** WHAT THE TASK REQUIRES **
Each line from the first down to the one containing "Your response must be concise. 3.04e+12." should be returned exactly as it appears below.

** Collected data entries **
= = = = =

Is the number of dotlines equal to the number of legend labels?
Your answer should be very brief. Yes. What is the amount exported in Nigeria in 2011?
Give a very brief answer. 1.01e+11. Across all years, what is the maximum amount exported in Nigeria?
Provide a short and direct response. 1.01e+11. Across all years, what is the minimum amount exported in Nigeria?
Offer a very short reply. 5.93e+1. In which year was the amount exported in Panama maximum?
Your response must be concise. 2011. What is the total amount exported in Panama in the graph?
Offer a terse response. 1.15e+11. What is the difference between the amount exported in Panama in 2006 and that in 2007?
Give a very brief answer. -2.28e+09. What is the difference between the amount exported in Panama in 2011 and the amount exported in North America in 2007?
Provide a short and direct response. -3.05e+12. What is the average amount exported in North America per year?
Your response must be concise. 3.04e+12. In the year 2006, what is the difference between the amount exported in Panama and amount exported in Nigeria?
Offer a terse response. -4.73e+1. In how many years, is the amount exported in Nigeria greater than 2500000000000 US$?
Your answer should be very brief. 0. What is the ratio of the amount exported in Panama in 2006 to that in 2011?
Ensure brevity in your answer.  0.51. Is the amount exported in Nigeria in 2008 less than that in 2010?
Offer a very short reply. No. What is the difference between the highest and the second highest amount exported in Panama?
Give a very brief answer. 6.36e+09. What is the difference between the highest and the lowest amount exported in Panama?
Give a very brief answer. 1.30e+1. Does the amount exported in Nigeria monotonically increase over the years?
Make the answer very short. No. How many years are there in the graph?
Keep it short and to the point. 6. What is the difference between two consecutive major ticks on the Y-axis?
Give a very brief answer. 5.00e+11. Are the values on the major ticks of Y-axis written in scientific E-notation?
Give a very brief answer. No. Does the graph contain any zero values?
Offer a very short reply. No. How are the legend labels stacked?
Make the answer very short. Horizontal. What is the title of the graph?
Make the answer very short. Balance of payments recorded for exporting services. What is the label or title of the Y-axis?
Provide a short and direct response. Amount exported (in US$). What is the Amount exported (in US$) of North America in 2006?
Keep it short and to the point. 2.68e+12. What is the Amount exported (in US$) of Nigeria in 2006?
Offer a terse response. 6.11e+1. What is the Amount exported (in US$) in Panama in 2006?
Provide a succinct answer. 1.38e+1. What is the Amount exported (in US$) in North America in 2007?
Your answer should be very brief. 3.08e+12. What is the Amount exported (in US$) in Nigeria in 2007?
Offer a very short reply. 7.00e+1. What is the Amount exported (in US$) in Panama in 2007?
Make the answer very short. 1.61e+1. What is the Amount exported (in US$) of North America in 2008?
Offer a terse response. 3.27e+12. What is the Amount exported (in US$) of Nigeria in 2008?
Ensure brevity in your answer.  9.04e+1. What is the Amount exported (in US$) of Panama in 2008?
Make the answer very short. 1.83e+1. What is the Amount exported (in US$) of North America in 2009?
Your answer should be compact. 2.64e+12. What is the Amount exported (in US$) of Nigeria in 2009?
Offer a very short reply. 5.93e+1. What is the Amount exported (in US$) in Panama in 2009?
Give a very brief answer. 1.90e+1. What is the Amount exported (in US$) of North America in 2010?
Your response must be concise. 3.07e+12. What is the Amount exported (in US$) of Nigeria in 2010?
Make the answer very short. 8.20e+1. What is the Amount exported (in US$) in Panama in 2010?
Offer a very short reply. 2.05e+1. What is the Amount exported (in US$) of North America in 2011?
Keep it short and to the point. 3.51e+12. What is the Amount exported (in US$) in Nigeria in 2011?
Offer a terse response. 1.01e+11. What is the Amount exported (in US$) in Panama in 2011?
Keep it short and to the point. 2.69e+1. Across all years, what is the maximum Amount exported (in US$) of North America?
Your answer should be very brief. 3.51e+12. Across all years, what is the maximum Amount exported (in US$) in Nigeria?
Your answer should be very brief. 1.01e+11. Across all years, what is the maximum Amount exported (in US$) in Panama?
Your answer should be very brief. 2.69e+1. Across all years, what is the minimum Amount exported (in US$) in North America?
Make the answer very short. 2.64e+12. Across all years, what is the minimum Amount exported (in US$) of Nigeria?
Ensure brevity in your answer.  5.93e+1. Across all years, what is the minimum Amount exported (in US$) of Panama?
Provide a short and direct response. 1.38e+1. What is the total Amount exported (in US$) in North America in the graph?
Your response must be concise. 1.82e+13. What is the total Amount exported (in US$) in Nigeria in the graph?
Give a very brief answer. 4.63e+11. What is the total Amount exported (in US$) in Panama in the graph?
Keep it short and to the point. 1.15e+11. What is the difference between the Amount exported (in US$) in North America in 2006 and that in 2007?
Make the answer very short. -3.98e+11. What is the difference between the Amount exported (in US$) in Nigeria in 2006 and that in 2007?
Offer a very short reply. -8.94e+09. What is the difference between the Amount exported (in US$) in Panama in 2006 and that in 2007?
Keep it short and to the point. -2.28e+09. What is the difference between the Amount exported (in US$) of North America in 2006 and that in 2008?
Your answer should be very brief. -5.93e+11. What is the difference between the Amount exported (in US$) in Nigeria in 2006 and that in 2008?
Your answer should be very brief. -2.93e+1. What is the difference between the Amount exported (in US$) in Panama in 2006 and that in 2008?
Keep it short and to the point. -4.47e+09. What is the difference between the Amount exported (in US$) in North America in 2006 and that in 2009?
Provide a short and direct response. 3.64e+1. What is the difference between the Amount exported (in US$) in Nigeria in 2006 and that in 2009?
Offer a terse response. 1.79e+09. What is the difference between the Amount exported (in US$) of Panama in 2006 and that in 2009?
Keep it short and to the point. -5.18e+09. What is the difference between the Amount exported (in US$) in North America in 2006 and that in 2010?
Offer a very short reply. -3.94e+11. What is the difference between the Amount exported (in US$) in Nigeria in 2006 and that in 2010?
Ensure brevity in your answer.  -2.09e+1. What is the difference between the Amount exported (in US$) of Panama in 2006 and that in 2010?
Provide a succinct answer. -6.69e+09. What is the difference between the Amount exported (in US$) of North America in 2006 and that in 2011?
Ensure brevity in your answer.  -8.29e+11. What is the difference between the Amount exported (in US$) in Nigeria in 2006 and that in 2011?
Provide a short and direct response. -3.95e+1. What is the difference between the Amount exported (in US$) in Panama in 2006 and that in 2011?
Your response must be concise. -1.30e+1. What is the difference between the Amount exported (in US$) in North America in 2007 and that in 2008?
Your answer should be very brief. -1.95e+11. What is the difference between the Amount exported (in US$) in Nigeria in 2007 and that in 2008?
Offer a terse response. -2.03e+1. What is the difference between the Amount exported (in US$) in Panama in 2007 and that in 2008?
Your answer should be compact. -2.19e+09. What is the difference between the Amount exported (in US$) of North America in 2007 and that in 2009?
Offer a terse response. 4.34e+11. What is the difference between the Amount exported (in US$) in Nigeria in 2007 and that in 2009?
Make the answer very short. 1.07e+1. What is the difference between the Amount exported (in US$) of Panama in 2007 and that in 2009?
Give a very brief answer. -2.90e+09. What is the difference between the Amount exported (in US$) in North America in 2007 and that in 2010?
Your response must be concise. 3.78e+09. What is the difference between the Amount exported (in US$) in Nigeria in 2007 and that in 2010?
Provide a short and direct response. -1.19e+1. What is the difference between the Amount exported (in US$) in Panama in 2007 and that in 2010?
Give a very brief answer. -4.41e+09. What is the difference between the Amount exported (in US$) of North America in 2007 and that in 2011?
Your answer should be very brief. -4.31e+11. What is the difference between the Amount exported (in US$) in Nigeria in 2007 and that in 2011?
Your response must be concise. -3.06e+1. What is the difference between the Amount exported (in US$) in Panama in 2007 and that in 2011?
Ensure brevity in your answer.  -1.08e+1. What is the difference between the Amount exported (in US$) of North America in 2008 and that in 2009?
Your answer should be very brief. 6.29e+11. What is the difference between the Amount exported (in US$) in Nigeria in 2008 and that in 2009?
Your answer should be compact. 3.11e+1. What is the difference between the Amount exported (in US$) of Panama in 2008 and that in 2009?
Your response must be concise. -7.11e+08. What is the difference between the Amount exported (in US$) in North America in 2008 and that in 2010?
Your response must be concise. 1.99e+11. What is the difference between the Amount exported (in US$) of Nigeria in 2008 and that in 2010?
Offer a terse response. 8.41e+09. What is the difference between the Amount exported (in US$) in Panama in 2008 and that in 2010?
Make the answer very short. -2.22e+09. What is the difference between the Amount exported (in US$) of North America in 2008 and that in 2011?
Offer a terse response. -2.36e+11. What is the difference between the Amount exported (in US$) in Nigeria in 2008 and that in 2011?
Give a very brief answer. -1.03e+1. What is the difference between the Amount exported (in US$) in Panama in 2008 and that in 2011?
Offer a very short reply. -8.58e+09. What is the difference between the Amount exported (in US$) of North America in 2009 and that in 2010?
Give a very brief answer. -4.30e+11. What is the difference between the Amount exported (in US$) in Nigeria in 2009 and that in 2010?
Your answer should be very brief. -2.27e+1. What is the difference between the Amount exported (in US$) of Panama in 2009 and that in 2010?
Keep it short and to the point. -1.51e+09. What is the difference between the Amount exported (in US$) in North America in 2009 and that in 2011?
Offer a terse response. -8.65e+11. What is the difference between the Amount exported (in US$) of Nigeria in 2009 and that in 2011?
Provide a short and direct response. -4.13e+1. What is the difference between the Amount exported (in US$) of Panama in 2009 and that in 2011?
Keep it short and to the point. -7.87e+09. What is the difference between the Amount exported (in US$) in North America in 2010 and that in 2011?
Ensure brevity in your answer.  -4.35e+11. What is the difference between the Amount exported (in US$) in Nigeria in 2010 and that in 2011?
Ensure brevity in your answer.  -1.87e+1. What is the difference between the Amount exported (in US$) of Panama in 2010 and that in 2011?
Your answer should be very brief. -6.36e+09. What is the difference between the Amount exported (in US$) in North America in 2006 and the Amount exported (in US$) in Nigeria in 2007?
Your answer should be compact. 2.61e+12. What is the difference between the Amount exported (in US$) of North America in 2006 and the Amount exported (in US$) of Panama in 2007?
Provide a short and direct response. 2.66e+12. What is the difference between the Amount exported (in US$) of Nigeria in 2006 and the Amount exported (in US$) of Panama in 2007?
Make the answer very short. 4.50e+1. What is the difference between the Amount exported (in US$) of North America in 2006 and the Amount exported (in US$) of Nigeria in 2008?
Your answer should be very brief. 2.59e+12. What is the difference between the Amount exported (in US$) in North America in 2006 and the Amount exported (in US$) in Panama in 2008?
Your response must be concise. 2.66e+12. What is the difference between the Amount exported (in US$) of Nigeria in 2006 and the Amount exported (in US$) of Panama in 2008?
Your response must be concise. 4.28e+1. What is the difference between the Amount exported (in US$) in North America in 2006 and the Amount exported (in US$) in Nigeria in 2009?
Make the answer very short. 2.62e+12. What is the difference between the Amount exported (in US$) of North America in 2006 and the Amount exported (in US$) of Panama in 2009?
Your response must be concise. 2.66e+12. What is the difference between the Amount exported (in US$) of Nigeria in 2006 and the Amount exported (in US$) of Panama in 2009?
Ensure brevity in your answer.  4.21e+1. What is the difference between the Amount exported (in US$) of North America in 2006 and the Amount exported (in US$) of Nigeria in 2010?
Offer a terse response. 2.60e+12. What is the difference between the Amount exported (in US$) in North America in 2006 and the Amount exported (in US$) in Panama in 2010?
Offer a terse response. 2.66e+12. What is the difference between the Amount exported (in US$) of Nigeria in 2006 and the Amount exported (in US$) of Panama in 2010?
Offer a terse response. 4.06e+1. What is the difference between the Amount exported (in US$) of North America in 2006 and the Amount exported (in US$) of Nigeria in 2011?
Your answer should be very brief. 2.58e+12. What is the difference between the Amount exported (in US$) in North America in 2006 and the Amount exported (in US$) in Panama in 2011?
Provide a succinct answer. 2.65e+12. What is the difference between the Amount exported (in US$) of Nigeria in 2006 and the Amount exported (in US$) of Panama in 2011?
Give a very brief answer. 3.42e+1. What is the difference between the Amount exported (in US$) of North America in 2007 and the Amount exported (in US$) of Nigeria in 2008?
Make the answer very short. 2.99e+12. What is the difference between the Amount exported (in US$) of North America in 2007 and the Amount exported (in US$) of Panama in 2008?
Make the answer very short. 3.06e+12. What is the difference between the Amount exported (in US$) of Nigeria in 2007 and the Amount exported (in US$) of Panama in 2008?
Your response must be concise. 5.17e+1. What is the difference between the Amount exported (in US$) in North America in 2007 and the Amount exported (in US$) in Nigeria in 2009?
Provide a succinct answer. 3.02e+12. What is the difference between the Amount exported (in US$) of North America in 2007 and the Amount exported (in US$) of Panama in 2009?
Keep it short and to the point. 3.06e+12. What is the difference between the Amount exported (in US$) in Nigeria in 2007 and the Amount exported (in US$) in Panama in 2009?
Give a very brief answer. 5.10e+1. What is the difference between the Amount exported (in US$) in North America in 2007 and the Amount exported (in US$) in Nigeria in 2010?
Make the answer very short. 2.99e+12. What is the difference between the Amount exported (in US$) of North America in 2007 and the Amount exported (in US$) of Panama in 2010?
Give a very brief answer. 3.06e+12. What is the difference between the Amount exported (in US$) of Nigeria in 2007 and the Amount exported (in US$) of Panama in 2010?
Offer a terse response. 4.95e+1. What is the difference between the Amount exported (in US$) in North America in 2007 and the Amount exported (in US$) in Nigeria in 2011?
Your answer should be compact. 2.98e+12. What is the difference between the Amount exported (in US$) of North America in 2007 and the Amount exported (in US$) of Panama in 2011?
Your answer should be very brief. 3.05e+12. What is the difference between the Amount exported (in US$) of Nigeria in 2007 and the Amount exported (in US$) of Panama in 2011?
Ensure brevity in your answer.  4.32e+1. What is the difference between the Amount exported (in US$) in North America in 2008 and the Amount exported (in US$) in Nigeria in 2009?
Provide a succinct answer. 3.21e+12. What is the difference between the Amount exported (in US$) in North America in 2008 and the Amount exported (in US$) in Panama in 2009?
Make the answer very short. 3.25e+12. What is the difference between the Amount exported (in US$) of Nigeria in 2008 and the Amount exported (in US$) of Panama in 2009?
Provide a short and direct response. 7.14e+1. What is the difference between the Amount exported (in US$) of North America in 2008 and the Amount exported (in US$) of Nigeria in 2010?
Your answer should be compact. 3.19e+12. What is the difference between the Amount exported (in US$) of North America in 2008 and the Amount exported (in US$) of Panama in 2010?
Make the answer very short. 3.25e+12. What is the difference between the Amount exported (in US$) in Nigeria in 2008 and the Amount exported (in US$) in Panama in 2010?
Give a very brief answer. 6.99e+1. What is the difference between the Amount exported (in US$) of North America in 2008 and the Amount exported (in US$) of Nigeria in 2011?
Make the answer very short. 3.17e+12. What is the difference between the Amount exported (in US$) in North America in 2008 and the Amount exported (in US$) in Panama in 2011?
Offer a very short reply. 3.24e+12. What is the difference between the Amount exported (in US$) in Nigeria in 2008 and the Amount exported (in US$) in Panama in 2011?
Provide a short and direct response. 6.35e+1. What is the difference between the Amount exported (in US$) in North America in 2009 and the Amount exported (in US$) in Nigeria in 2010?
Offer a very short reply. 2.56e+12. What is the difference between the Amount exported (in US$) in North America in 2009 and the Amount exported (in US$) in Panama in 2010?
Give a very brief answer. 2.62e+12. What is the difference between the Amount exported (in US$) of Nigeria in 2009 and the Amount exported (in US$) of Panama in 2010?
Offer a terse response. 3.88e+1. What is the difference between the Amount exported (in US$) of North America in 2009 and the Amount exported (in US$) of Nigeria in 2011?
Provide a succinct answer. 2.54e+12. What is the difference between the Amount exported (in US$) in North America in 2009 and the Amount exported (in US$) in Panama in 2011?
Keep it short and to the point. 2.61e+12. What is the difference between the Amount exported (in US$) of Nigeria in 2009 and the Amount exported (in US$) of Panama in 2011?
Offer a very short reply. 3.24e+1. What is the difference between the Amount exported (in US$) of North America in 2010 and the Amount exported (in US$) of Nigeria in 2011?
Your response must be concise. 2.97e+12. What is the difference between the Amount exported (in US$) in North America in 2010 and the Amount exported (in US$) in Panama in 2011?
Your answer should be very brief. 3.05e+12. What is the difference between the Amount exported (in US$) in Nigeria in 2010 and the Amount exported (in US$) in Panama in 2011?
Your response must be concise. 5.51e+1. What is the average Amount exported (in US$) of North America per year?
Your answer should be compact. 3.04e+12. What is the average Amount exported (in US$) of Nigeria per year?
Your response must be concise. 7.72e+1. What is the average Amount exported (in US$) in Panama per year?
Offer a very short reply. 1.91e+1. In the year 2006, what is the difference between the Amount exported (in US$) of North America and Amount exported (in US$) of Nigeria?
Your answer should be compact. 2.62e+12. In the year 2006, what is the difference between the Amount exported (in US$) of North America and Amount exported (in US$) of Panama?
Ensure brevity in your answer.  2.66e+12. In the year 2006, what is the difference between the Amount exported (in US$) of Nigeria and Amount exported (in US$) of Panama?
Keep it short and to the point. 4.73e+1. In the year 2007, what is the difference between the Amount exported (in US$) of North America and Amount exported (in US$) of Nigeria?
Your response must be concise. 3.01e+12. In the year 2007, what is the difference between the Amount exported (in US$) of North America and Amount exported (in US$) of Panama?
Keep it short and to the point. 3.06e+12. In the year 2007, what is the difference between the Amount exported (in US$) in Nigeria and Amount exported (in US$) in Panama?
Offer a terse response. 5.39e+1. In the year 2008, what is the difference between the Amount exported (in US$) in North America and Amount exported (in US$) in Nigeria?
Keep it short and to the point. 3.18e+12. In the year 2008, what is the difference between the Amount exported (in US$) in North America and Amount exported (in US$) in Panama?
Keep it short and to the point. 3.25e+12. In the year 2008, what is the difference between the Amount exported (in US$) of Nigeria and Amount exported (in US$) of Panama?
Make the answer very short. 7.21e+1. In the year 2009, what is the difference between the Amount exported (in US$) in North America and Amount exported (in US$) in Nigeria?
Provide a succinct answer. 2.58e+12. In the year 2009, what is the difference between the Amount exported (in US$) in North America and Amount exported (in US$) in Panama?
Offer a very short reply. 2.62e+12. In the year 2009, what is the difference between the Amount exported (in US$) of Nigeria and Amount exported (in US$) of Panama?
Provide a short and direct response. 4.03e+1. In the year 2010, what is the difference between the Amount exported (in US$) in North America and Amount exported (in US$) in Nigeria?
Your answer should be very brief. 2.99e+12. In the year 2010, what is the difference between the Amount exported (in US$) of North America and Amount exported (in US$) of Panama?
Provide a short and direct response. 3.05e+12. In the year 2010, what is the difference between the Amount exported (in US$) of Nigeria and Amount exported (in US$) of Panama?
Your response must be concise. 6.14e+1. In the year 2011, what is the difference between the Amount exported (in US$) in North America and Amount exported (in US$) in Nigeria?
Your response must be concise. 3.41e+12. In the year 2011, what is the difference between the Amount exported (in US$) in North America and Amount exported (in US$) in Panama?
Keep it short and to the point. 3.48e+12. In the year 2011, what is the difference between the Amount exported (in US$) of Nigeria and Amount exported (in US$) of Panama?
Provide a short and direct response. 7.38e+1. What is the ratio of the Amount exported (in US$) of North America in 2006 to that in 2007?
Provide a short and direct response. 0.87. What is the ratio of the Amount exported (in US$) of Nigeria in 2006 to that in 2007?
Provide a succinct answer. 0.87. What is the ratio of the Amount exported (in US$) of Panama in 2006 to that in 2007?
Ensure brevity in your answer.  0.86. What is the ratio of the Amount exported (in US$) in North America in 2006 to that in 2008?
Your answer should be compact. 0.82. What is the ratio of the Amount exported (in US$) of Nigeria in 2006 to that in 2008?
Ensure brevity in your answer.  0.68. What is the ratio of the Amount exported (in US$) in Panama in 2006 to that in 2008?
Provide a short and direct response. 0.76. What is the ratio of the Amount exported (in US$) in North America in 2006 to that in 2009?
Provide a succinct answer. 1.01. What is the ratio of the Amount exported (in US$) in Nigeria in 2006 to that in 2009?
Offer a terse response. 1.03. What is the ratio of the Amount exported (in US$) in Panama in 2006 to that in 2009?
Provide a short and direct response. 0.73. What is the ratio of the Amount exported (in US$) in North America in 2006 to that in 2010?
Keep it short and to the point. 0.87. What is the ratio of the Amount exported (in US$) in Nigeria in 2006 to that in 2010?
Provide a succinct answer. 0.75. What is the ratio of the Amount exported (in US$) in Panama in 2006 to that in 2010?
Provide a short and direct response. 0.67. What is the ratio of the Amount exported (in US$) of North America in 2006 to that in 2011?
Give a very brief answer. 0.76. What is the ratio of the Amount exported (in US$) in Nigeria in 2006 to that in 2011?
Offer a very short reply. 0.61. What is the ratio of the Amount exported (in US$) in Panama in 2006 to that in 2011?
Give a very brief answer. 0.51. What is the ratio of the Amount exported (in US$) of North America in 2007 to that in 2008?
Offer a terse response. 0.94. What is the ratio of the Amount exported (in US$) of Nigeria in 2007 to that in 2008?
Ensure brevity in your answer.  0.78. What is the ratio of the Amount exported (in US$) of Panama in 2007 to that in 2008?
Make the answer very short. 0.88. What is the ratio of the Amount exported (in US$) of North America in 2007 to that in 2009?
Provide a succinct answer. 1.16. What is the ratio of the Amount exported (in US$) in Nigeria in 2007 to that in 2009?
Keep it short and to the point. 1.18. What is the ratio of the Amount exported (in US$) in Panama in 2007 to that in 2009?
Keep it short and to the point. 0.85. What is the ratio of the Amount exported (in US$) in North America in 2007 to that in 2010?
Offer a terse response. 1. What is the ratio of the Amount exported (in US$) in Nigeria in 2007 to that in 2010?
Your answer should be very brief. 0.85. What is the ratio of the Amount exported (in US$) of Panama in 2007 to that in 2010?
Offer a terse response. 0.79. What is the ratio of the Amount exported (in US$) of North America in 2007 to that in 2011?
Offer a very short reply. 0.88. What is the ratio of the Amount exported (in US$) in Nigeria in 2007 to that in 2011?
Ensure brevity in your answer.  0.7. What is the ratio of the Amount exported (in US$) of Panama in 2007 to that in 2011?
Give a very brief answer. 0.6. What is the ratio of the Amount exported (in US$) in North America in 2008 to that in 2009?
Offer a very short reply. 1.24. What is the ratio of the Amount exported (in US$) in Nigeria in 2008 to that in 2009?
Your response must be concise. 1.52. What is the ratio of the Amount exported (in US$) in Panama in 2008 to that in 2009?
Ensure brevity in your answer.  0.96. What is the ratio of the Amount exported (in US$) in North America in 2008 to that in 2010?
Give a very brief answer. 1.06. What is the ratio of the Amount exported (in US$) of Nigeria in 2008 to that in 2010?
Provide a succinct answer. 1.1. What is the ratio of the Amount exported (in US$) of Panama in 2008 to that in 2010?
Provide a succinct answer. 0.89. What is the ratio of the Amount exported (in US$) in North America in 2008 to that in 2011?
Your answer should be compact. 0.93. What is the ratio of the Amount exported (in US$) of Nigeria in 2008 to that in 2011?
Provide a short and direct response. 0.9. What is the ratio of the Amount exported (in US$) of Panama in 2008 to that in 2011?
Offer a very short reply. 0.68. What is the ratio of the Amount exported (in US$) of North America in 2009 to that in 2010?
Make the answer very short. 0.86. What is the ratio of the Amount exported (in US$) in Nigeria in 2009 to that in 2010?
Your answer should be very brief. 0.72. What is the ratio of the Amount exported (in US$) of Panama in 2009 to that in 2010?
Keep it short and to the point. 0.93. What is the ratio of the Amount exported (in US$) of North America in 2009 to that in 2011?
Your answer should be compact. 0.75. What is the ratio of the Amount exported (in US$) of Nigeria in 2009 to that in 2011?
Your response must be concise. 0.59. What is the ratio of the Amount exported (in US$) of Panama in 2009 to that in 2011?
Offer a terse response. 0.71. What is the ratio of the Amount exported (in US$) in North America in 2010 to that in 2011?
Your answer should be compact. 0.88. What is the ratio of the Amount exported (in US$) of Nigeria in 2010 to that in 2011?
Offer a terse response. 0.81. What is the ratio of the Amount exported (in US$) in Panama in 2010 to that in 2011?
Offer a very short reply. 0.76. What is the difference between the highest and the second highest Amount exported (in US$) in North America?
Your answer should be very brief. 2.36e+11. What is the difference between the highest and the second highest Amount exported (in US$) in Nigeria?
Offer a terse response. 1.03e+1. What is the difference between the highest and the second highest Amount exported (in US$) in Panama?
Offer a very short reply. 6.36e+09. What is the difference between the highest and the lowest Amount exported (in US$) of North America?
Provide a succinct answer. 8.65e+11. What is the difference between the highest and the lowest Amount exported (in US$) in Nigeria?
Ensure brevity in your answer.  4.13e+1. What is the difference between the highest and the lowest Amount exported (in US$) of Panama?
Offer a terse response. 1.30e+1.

= = = = =

** EXERCISE OUTPUT **
Is the number of dotlines equal to the number of legend labels?
Your answer should be very brief. Yes. What is the amount exported in Nigeria in 2011?
Give a very brief answer. 1.01e+11. Across all years, what is the maximum amount exported in Nigeria?
Provide a short and direct response. 1.01e+11. Across all years, what is the minimum amount exported in Nigeria?
Offer a very short reply. 5.93e+1. In which year was the amount exported in Panama maximum?
Your response must be concise. 2011. What is the total amount exported in Panama in the graph?
Offer a terse response. 1.15e+11. What is the difference between the amount exported in Panama in 2006 and that in 2007?
Give a very brief answer. -2.28e+09. What is the difference between the amount exported in Panama in 2011 and the amount exported in North America in 2007?
Provide a short and direct response. -3.05e+12. What is the average amount exported in North America per year?
Your response must be concise. 3.04e+12. In the year 2006, what is the difference between the amount exported in Panama and amount exported in Nigeria?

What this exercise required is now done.